• **What is being asked**
Reproduce exactly the first line of the material below and every line after it, ending with the line that contains "What is the title". No pictures should be copied.

• **Data for review**
—————

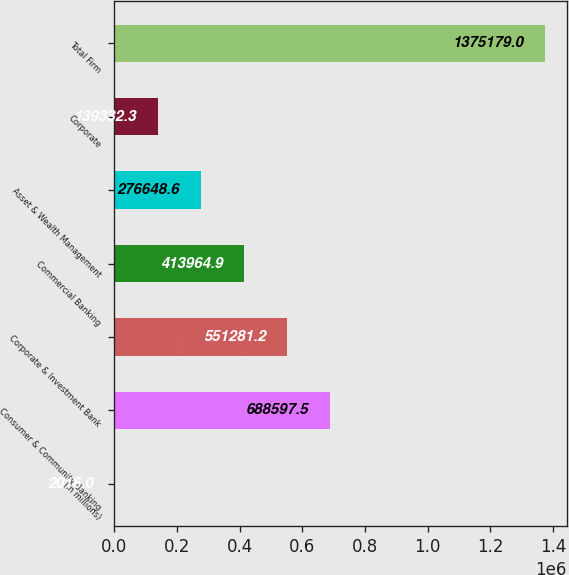<chart> <loc_0><loc_0><loc_500><loc_500><bar_chart><fcel>(in millions)<fcel>Consumer & Community Banking<fcel>Corporate & Investment Bank<fcel>Commercial Banking<fcel>Asset & Wealth Management<fcel>Corporate<fcel>Total Firm<nl><fcel>2016<fcel>688598<fcel>551281<fcel>413965<fcel>276649<fcel>139332<fcel>1.37518e+06<nl></chart> 
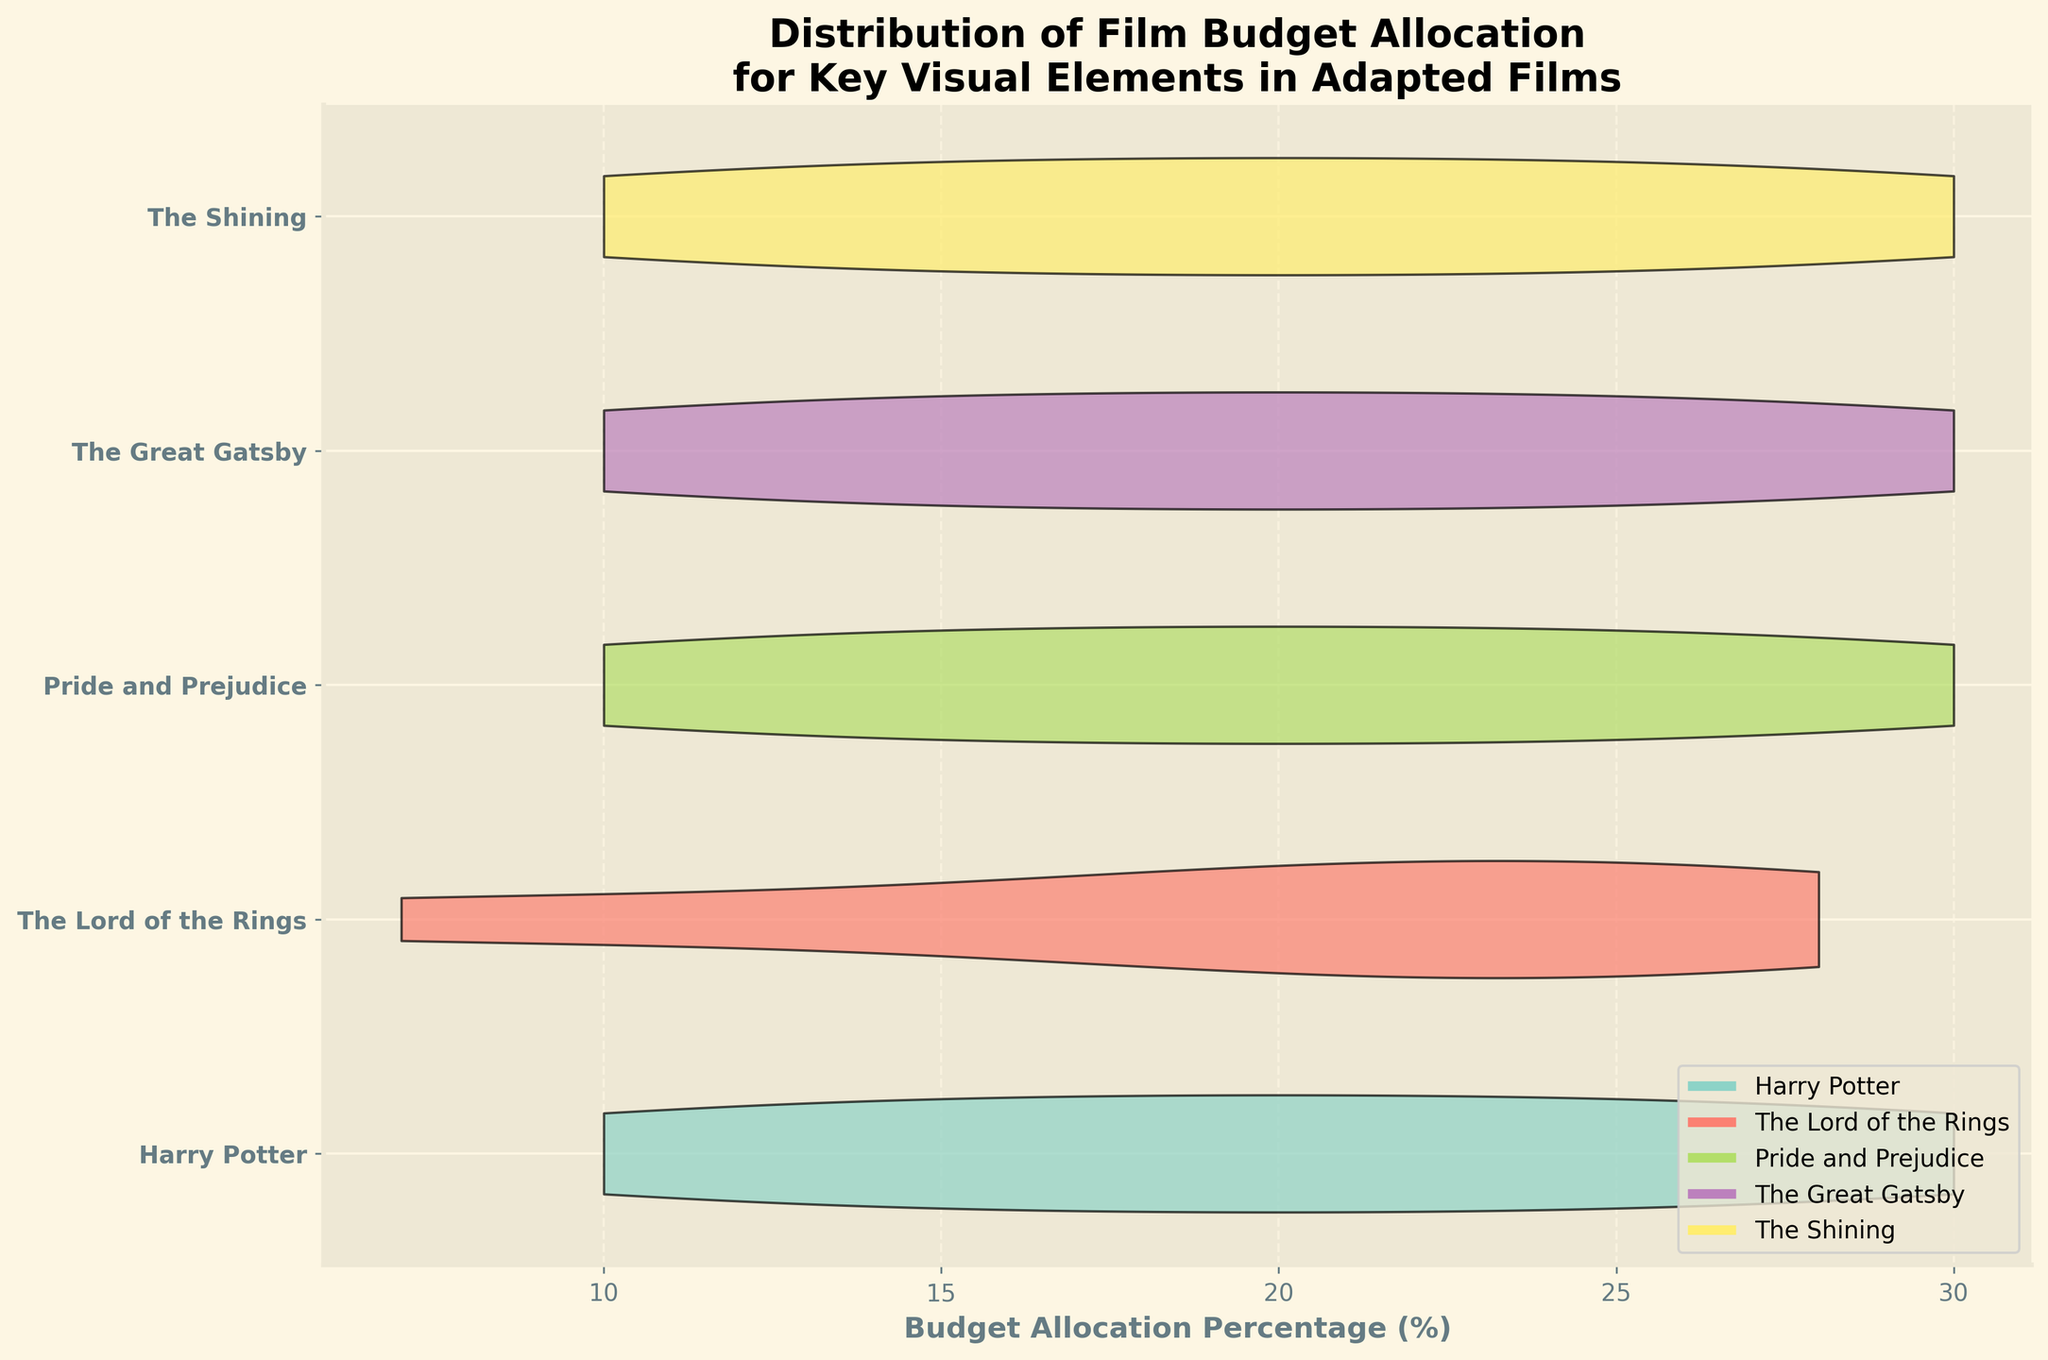What is the title of the plot? The title of the chart is at the top and it reads "Distribution of Film Budget Allocation for Key Visual Elements in Adapted Films".
Answer: Distribution of Film Budget Allocation for Key Visual Elements in Adapted Films What does the x-axis represent? The x-axis represents the budget allocation percentage (%) for different visual elements in the films.
Answer: Budget Allocation Percentage (%) Which film has the highest budget allocation for Lighting? Looking at the plot, "Pride and Prejudice" has the highest budget allocation for Lighting, which is apparent as the highest point in the violin plot for Lighting is at 30%.
Answer: Pride and Prejudice Which two films have the closest budget allocation percentage for Special Effects? By comparing the violin plots for Special Effects, "Harry Potter" and "The Great Gatsby" have similar budget allocation percentages around 25-30% for this category.
Answer: Harry Potter and The Great Gatsby In terms of Set Design, which film allocates the least percentage of its budget? Observing the violin plots for Set Design, "Pride and Prejudice" allocates the least budget percentage at around 20%.
Answer: Pride and Prejudice What is the general trend observed for budget allocation in Costume Design among the films? Most films appear to allocate a moderate percentage of their budget to Costume Design, ranging roughly from 10% to 25%, with slight variations.
Answer: Moderate allocation, 10%-25% How does "The Shining" distribute its budget among the visual elements? "The Shining" allocates 25% to Set Design, 10% to Costume Design, 30% to Cinematography, 20% to Special Effects, and 15% to Lighting as visible from the violin plot.
Answer: 25%, 10%, 30%, 20%, 15% Which visual element seems to have the most varied budget allocation across all films? By looking at the range and spread of the violin plots, Lighting shows the most varied budget allocation across all films.
Answer: Lighting Which film allocates a considerably high percentage of its budget on Cinematography compared to others? "The Shining" allocates a significantly higher percentage to Cinematography at 30%, which is visibly more than other films.
Answer: The Shining Is there a visual element where each film has an almost close budget allocation percentage? Comparing the violin plots, Special Effects allocations are somewhat close among the films, generally falling between 20% to 30%.
Answer: Special Effects 
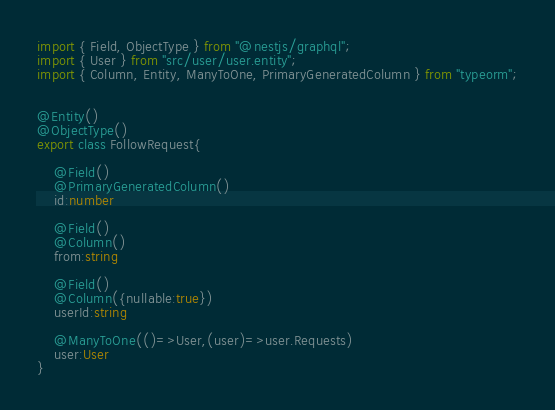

—————

• **Response to this task**
<chart> <loc_0><loc_0><loc_500><loc_500><bar_chart><fcel>(in millions)<fcel>Consumer & Community Banking<fcel>Corporate & Investment Bank<fcel>Commercial Banking<fcel>Asset & Wealth Management<fcel>Corporate<fcel>Total Firm<nl><fcel>2016<fcel>688598<fcel>551281<fcel>413965<fcel>276649<fcel>139332<fcel>1.37518e+06<nl></chart> 
What is the title of the plot? The title of the chart is at the top and it reads "Distribution of Film Budget Allocation for Key Visual Elements in Adapted Films".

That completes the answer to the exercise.